**BRIEF**
Within the entries below, the lines from the one with "pixels. [x=476, y=325]" through the one with "Locate the text block that" are to be set down exactly, both ends kept.
____________________
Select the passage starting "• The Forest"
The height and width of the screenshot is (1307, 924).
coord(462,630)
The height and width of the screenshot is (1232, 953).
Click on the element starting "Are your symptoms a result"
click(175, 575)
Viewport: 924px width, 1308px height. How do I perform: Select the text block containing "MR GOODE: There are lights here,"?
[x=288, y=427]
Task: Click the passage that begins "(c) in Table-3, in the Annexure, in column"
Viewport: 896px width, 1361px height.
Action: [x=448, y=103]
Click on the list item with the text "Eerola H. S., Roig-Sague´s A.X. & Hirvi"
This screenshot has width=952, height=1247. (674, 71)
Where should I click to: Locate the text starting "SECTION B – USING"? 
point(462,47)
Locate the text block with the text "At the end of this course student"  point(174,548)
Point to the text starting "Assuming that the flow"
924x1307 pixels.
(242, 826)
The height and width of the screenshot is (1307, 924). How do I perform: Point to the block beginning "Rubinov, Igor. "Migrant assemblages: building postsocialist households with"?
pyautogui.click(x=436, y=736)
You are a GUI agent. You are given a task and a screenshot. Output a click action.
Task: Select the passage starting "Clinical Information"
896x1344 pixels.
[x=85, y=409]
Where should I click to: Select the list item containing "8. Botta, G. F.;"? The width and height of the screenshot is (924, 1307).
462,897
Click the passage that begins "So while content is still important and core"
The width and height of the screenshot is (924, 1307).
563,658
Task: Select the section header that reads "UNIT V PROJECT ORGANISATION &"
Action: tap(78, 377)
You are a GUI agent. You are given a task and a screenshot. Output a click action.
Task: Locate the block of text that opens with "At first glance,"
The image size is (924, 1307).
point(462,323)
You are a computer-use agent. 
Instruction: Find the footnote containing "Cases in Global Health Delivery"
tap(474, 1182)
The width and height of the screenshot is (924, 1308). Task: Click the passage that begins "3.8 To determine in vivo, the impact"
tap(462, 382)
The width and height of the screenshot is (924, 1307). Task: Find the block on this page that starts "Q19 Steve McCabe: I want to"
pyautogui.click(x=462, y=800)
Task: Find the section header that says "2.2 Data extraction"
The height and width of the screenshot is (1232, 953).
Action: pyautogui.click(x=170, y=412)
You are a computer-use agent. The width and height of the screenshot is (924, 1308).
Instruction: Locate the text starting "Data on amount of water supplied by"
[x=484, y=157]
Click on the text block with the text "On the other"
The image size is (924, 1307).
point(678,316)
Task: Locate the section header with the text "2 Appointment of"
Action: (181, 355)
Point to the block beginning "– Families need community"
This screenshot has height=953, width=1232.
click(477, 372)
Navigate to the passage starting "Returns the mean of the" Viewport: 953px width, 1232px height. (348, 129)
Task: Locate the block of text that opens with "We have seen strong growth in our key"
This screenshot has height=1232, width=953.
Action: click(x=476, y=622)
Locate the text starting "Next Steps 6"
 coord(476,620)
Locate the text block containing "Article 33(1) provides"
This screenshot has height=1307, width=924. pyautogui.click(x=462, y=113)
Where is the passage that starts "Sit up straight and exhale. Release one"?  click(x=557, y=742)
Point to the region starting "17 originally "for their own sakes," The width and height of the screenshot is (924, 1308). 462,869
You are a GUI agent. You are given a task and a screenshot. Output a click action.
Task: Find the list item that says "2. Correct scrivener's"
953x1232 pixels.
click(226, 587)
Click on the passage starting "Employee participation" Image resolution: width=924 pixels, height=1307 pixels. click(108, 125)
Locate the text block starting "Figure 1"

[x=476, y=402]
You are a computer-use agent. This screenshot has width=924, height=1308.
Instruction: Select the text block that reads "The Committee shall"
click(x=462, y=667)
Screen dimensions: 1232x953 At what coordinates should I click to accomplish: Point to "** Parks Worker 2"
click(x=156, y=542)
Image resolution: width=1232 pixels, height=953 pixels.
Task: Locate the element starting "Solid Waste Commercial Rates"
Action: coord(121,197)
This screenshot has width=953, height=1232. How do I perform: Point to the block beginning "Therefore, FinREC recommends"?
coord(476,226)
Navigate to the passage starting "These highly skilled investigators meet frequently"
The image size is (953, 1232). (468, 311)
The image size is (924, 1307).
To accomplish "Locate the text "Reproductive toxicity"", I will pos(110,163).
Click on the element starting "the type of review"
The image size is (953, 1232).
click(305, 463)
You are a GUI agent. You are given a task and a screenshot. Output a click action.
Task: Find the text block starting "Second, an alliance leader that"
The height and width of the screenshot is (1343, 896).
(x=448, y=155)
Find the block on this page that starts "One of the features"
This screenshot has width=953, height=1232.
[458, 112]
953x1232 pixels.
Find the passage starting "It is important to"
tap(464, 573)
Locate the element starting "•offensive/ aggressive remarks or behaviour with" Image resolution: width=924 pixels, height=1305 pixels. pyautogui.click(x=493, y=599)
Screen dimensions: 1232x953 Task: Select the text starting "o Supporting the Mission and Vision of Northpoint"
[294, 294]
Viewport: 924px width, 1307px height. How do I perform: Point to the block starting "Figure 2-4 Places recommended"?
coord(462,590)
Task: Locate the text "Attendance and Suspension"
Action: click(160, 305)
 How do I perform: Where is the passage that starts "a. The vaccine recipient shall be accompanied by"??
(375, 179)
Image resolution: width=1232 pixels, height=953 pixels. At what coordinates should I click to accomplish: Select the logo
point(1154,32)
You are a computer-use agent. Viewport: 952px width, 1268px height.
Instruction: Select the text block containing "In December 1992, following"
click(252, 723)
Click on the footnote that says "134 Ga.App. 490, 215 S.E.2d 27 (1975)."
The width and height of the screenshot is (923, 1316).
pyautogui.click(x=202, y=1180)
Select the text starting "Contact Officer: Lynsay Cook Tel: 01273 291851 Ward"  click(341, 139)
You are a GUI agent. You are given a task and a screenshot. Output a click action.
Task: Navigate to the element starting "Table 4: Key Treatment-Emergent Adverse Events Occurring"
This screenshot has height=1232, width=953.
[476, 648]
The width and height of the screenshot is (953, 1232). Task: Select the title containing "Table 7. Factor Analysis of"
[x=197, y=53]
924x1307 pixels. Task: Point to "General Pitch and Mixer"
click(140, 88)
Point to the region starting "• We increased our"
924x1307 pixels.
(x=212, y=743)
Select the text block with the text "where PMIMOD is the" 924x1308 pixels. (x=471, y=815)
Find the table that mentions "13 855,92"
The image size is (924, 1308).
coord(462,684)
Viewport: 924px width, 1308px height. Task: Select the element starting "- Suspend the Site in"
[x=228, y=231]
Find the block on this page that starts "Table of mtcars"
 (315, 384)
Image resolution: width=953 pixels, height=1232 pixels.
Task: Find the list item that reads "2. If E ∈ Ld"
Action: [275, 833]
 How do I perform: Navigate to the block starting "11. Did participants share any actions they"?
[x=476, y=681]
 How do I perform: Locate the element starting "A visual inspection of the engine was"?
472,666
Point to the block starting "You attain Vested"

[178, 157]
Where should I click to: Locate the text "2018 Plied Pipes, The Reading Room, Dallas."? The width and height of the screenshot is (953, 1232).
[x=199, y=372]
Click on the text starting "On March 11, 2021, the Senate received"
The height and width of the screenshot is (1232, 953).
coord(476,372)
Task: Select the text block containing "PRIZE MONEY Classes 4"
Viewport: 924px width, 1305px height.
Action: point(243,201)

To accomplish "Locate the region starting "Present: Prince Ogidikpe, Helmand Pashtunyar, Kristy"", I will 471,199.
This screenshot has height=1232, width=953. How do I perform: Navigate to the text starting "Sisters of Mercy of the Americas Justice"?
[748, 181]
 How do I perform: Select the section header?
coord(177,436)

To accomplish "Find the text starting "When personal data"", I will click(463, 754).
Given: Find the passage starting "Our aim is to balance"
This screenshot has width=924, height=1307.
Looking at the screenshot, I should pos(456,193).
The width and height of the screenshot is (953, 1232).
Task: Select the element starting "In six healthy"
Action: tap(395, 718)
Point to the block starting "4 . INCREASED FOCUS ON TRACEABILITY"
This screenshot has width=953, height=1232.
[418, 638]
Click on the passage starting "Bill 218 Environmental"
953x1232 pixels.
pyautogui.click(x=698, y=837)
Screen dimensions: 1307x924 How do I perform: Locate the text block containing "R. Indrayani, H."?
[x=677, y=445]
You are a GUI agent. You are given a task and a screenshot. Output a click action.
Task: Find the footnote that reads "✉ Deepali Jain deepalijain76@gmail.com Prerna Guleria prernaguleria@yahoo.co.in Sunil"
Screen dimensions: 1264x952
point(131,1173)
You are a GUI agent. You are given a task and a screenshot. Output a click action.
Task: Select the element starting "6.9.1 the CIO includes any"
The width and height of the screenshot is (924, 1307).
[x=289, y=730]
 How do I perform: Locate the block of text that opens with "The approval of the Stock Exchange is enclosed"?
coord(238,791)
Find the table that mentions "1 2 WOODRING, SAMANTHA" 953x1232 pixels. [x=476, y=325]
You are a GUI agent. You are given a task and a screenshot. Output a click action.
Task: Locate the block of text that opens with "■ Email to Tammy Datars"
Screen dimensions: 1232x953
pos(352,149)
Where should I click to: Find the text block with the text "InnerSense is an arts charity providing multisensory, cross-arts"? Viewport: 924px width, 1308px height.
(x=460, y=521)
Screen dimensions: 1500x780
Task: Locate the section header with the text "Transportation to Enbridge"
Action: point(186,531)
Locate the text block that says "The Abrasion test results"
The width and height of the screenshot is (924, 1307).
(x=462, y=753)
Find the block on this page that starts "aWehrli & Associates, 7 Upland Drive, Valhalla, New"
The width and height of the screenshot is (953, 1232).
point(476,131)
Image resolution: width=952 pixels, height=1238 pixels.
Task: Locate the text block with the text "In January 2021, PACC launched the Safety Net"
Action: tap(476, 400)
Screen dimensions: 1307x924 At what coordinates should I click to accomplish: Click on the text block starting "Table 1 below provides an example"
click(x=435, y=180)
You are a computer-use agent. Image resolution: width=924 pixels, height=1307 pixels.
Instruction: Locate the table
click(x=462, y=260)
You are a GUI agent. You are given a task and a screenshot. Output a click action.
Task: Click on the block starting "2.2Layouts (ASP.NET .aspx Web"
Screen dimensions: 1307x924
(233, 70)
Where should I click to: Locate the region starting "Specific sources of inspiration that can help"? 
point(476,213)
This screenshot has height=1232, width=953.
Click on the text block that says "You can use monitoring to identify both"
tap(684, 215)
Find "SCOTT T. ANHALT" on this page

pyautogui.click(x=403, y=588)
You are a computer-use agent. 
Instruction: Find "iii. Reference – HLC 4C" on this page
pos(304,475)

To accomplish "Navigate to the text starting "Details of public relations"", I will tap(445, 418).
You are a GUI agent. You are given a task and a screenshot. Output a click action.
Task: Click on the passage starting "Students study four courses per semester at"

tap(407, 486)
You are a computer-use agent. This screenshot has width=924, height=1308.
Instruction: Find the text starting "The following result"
____________________
**RESULT OF THIS EXERCISE**
Find the table that mentions "1 2 WOODRING, SAMANTHA" 953x1232 pixels. [x=476, y=325]
You are a GUI agent. You are given a task and a screenshot. Output a click action.
Task: Locate the block of text that opens with "■ Email to Tammy Datars"
Screen dimensions: 1232x953
pos(352,149)
Where should I click to: Find the text block with the text "InnerSense is an arts charity providing multisensory, cross-arts"? Viewport: 924px width, 1308px height.
(x=460, y=521)
Screen dimensions: 1500x780
Task: Locate the section header with the text "Transportation to Enbridge"
Action: point(186,531)
Locate the text block that says "The Abrasion test results"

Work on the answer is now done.